Would you let 15 year old take your kids into DC?

Anonymous
I'm a PP that said no. I did not say no bc I'm scared of any dangers on the metro/bus. I was mostly thinking of the behavior of my two sons about the same age. They constantly fight/bicker. I am not sure that a 15 yr old would have the maturity to handle it if they started in the museums or zoo. I would trust the sitter to handle it in our home bc he could just send them to their rooms. I would also feel more comfortable if he brought the kids to familiar places like the neighborhood park. But, I guess this is an issue with my own kids. If your kids get along well then go for it. Also, you should probably have the support of your ex as he can make this a problem for you.
Anonymous
Anonymous wrote:It depends on the 15 year old. Some are very mature and responsible, some are airheads.


THATs the answer. Actually, half the answer. It also depends on your kids - are they good listeners? do they get along? are they well-behaved with this sitter?


My 14 year old does these things (not for younger kids yet, but certainly for himself). He has been riding the metro without an adult since his 13th summer.

The posters who think a 15 year old is too young to ride the metro are crazy (or at least should get out more).

Anonymous
I agree with dad. I would not allow it. Why not offer dad more time?
Anonymous
I would as long as babysitter was familiar with metro and would have a basic idea of what to do if there was an issue with the metro. It also sounds like you will be fairly easily be able to meet them if there is an issue.

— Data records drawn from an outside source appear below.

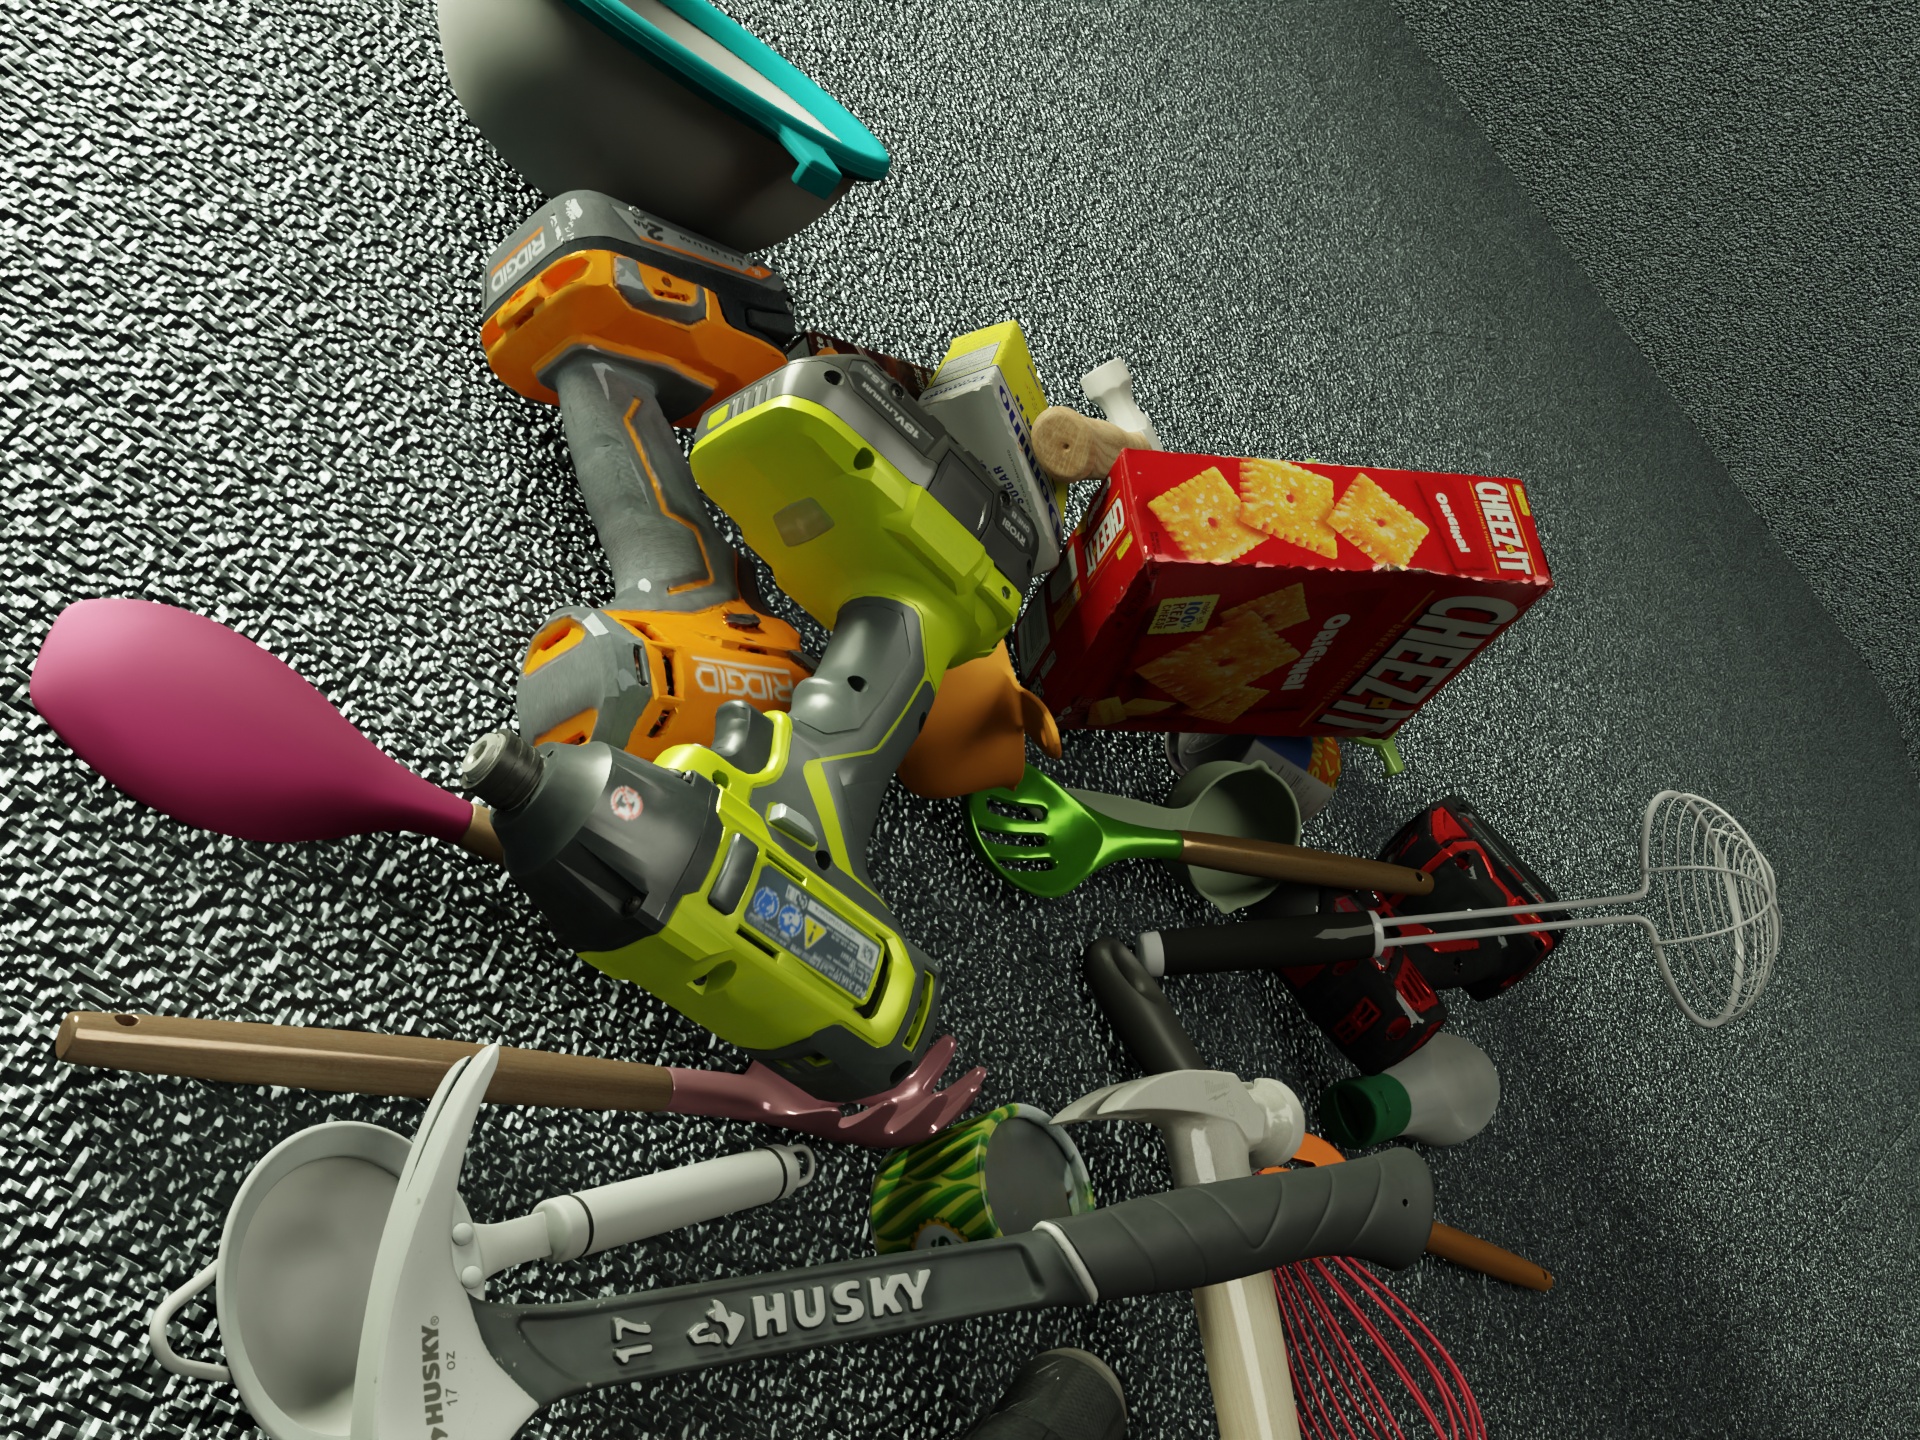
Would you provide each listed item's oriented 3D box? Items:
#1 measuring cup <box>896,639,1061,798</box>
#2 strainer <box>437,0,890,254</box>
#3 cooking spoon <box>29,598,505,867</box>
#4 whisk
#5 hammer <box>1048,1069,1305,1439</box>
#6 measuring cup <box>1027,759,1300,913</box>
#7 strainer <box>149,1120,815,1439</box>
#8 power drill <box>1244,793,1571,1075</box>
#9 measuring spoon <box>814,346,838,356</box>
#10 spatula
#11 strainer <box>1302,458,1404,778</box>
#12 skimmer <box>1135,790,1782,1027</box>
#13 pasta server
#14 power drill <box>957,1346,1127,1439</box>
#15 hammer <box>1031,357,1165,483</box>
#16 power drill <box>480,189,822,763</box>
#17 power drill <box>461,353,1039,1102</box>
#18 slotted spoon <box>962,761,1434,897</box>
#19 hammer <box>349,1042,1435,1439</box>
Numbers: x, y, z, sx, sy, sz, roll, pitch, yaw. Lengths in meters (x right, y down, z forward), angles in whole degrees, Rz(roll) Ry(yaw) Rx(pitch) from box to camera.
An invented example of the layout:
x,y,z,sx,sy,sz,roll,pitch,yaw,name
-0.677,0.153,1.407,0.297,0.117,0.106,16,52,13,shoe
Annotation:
x,y,z,sx,sy,sz,roll,pitch,yaw,name
-0.001,-0.002,0.655,0.174,0.052,0.095,-136,-146,-76,measuring cup
-0.195,-0.297,0.675,0.340,0.095,0.211,32,21,-10,strainer
-0.147,0.044,0.542,0.318,0.017,0.069,30,45,-35,cooking spoon
0.138,0.222,0.710,0.073,0.073,0.296,-3,54,-52,whisk
0.116,0.333,0.571,0.146,0.038,0.411,18,57,-50,hammer
0.100,0.051,0.829,0.167,0.038,0.083,11,94,-26,measuring cup
-0.126,0.154,0.471,0.258,0.050,0.087,6,64,-56,strainer
0.253,0.115,0.930,0.219,0.078,0.143,-9,53,-48,power drill
-0.069,-0.119,0.725,0.011,0.021,0.117,54,41,-71,measuring spoon
0.239,0.277,0.855,0.322,0.041,0.081,31,43,-41,spatula
0.215,-0.078,1.040,0.151,0.069,0.257,38,39,-26,strainer
0.265,0.109,0.836,0.363,0.090,0.127,-4,79,-7,skimmer
-0.117,0.111,0.515,0.316,0.040,0.060,18,12,-42,pasta server
0.049,0.323,0.481,0.226,0.084,0.185,53,33,2,power drill
0.085,-0.145,0.871,0.130,0.031,0.331,62,16,-1,hammer
-0.104,-0.079,0.636,0.164,0.084,0.227,9,63,-49,power drill
-0.059,-0.009,0.535,0.171,0.080,0.223,41,49,-31,power drill
0.128,0.068,0.804,0.313,0.031,0.070,10,58,-31,slotted spoon
0.016,0.170,0.505,0.408,0.036,0.149,5,68,-38,hammer

That said, I thinking taking into the fact that your ex is so against it is important. Does he know the babysitter and know she's mature and competeNt? Have you laid out all the details for him?
Anonymous
Of course. Taking the metro to Woodley Park and walking up the street to the zoo is in a safe neighborhood. The Smithsonian stop makes it easy to go to the museums. 15 year olds who live in the city take public transportation by themselves all the time. As long as the sitter is responsible, and your kids are not out of control ( they will listen to the sitter), they will be fine. I assume the sitter will have a cell phone, and you can ask her to check in from time to time.
Anonymous
The plan is fine. If your ex is unreasonable you can't live your life in constant fear of his complaints. he can call all he wants but for this, they won't care. If you have your on lawyer you might get some advice on how to handle these kinds of situations prospectively.

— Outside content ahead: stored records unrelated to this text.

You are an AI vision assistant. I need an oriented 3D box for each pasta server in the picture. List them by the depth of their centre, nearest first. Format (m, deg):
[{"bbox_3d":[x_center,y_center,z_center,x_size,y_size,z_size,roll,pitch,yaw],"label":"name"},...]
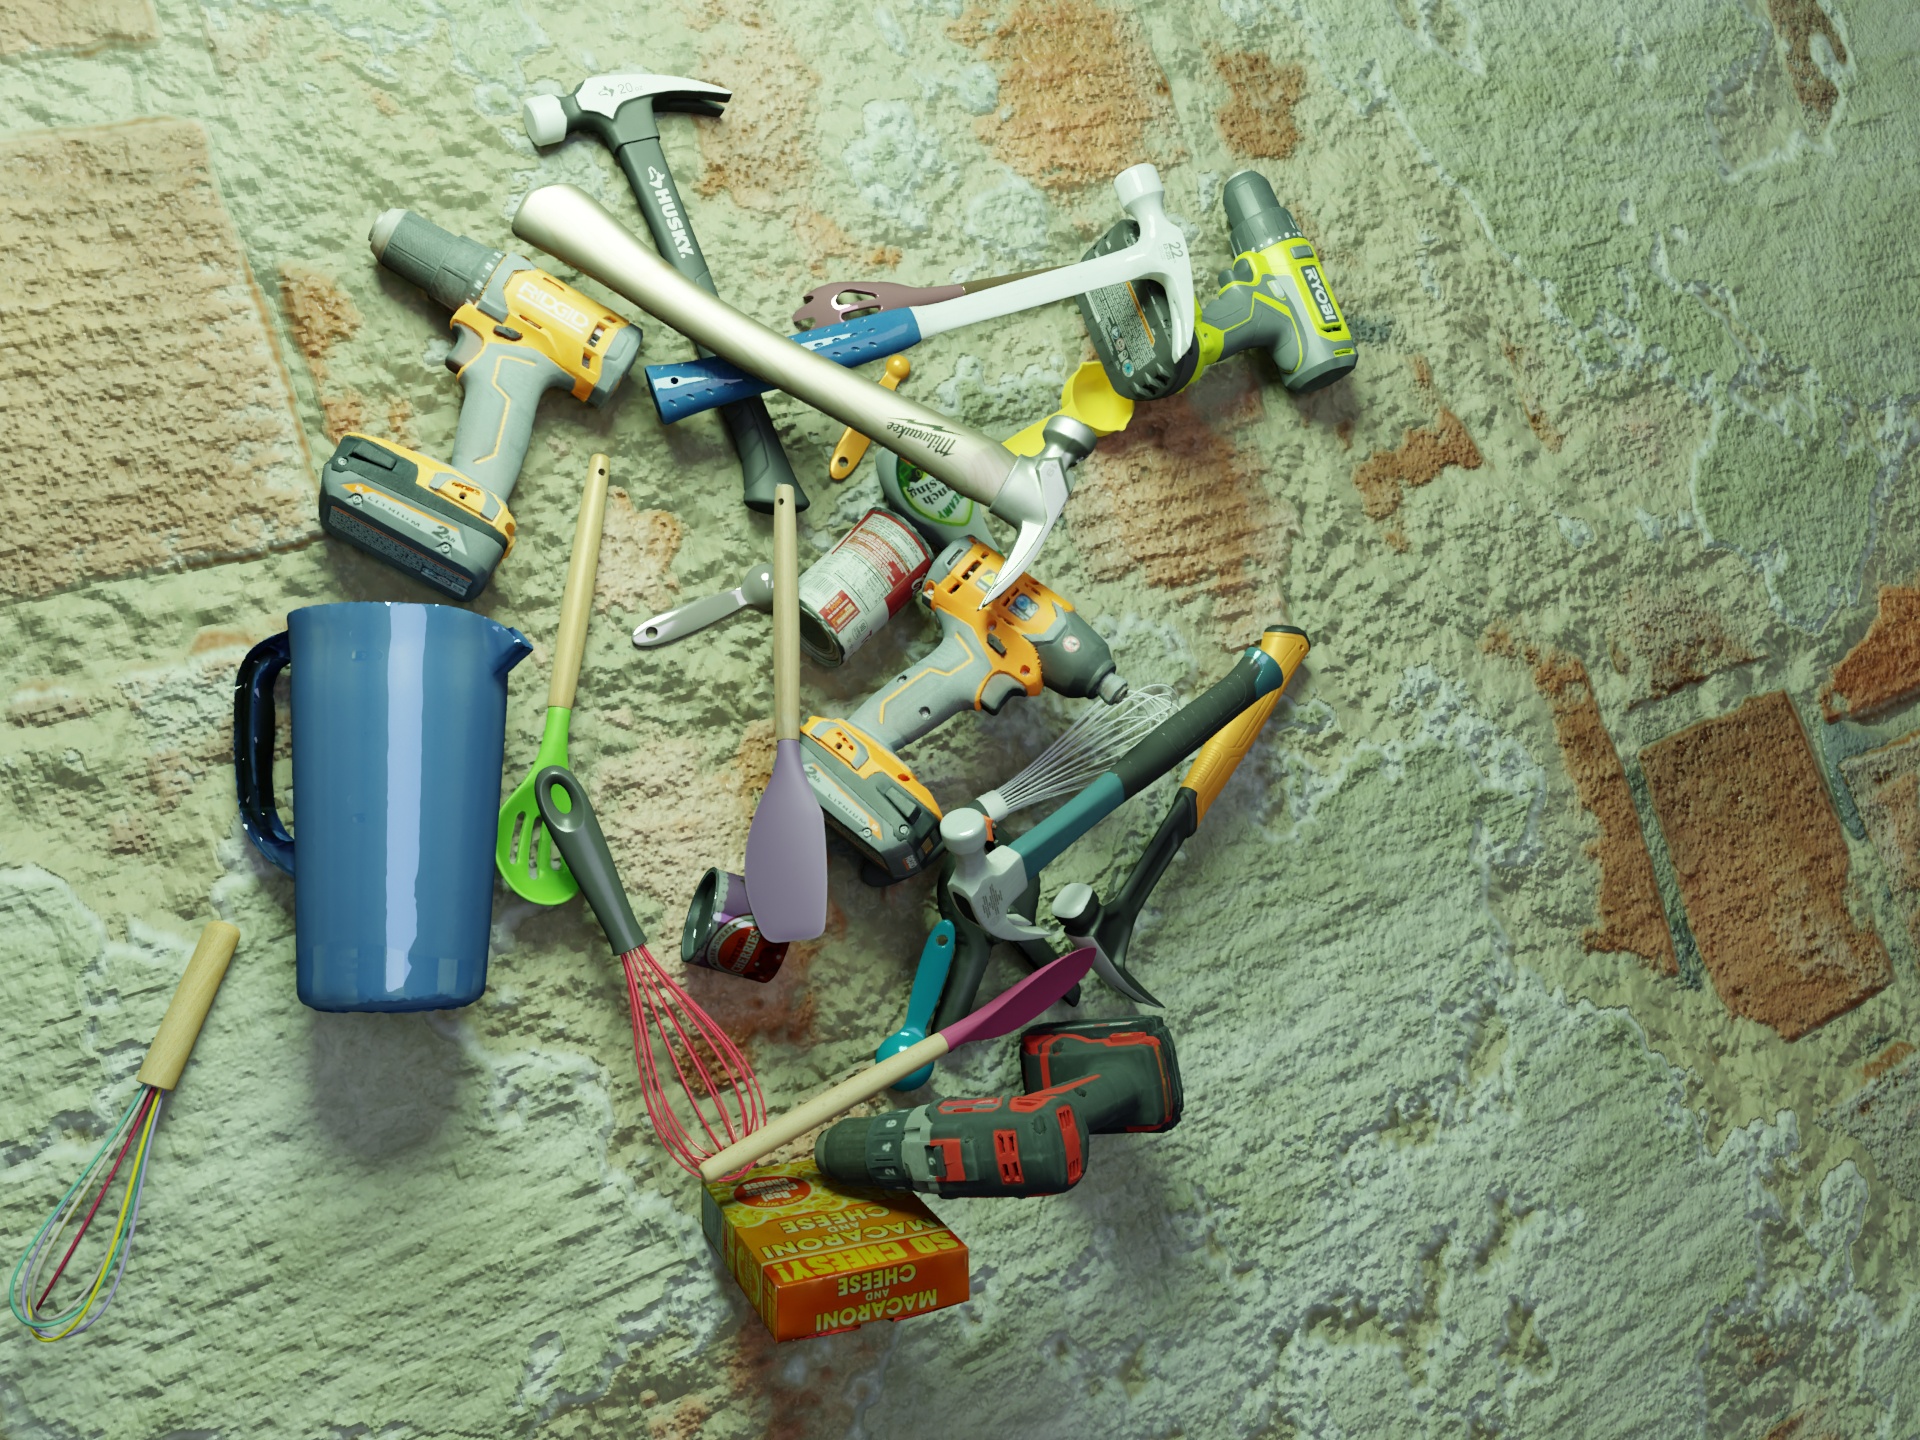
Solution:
[{"bbox_3d":[0.018,-0.334,1.241,0.316,0.040,0.060,-18,89,-29],"label":"pasta server"}]

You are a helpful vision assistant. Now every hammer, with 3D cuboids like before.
[{"bbox_3d":[-0.116,-0.229,1.071,0.410,0.038,0.146,29,80,-5],"label":"hammer"},{"bbox_3d":[0.118,0.040,1.128,0.331,0.033,0.128,-35,132,-29],"label":"hammer"},{"bbox_3d":[-0.020,-0.279,1.131,0.405,0.035,0.144,-19,86,-12],"label":"hammer"},{"bbox_3d":[-0.183,-0.304,1.143,0.146,0.035,0.335,-23,91,-24],"label":"hammer"},{"bbox_3d":[0.190,0.058,1.231,0.337,0.034,0.127,-54,125,-26],"label":"hammer"}]

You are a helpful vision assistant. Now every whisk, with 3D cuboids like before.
[{"bbox_3d":[-0.481,0.233,0.923,0.051,0.047,0.245,28,67,-29],"label":"whisk"},{"bbox_3d":[-0.205,0.164,1.029,0.073,0.073,0.296,-26,95,-25],"label":"whisk"},{"bbox_3d":[0.049,0.049,1.173,0.284,0.070,0.070,-28,93,-20],"label":"whisk"}]

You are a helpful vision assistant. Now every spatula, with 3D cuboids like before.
[{"bbox_3d":[-0.118,-0.010,1.063,0.060,0.018,0.316,-7,74,19],"label":"spatula"}]

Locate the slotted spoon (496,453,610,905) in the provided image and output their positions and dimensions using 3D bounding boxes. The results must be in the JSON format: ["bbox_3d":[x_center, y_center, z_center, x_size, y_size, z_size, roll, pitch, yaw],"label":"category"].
[{"bbox_3d":[-0.263,-0.032,1.067,0.070,0.031,0.314,15,73,-34],"label":"slotted spoon"}]

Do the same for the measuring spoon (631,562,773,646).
[{"bbox_3d":[-0.173,-0.080,1.118,0.124,0.018,0.034,-25,92,-24],"label":"measuring spoon"}]

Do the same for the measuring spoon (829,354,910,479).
[{"bbox_3d":[-0.067,-0.228,1.192,0.021,0.011,0.117,33,70,-15],"label":"measuring spoon"}]

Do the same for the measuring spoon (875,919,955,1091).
[{"bbox_3d":[-0.027,0.200,1.105,0.042,0.021,0.128,16,99,-4],"label":"measuring spoon"}]

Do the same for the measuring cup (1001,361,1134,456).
[{"bbox_3d":[0.070,-0.227,1.244,0.156,0.029,0.062,-35,96,-22],"label":"measuring cup"}]

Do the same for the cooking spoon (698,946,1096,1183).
[{"bbox_3d":[-0.033,0.228,1.069,0.319,0.068,0.017,-24,57,-29],"label":"cooking spoon"}]

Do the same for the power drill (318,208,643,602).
[{"bbox_3d":[-0.336,-0.215,1.040,0.185,0.084,0.226,30,67,-16],"label":"power drill"}]

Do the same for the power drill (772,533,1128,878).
[{"bbox_3d":[-0.002,-0.004,1.102,0.164,0.084,0.226,36,77,18],"label":"power drill"}]

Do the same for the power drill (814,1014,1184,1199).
[{"bbox_3d":[0.031,0.263,1.060,0.226,0.188,0.080,-6,86,-58],"label":"power drill"}]

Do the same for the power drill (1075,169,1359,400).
[{"bbox_3d":[0.206,-0.351,1.284,0.228,0.080,0.190,-17,82,-35],"label":"power drill"}]

But the plan sounds fine and really fun.
Anonymous
Anonymous wrote:The plan is fine. If your ex is unreasonable you can't live your life in constant fear of his complaints. he can call all he wants but for this, they won't care. If you have your on lawyer you might get some advice on how to handle these kinds of situations prospectively.

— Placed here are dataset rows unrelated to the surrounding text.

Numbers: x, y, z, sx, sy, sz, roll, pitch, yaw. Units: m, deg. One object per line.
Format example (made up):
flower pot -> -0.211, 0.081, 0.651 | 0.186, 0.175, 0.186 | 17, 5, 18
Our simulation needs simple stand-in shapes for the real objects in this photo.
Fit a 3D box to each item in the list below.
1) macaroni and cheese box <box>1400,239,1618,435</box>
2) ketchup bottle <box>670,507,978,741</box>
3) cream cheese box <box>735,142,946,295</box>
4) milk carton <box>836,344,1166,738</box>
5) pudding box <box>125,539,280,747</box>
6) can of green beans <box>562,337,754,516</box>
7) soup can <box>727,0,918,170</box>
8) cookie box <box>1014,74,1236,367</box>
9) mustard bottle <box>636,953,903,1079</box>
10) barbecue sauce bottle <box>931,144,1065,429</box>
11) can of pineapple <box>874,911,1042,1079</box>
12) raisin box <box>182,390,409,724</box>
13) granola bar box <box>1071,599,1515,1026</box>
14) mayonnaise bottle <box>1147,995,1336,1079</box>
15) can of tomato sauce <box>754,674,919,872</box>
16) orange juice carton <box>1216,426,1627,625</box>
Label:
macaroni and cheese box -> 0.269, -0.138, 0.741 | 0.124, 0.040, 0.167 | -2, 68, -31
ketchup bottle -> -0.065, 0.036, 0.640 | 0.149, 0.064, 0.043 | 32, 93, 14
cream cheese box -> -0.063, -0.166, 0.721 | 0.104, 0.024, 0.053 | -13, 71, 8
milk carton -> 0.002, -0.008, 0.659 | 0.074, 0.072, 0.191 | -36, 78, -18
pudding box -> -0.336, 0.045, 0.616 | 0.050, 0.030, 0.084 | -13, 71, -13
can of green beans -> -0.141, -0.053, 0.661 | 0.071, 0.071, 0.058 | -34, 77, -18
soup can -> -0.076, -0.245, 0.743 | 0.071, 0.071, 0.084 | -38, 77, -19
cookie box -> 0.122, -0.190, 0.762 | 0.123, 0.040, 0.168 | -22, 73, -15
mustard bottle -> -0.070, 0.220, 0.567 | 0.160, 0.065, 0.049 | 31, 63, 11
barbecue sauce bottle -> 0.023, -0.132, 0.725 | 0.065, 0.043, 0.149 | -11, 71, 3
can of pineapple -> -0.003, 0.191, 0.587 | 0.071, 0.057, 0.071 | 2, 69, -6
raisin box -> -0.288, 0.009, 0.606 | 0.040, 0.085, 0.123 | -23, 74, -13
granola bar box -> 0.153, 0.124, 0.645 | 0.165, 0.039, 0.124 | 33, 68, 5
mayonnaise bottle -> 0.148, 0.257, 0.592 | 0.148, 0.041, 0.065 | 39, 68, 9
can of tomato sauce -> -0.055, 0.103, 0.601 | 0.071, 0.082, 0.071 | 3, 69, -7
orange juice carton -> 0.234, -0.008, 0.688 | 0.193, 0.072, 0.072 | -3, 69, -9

But the plan sounds fine and really fun.


+1. I grew up outside of Boston and my sister and I went into Boston on public transportation to sail (community boating) when we were 11 and 10. It was fine. We did it for the next two summers. It all depends on what you are used to doing.

Your plan sounds great.
Anonymous
Absolutely. I would allow my DDs to do the trip you described alone at 12, so I would be fine with a 15 year old escorting them at 9 and 11 (or any age older than 5 really).
Anonymous
This thread is ridiculous! Of course the teen can take the kids downtown on the Metro. Maybe that's because I just watched the documentary about the teenager who sailed around the world by herself.
Anonymous
Anonymous wrote:
Anonymous wrote:I don't hire a babysitter just for their skill in taking my kid to a museum downtown and back. I hire a babysitter who can handle any contingency, such as a national emergency, which is always a possibility in the nation's capital.


Geez, if worrying about people armed with guns wasn't enough, now we need babysitters and Nannies who can handle national emergencies?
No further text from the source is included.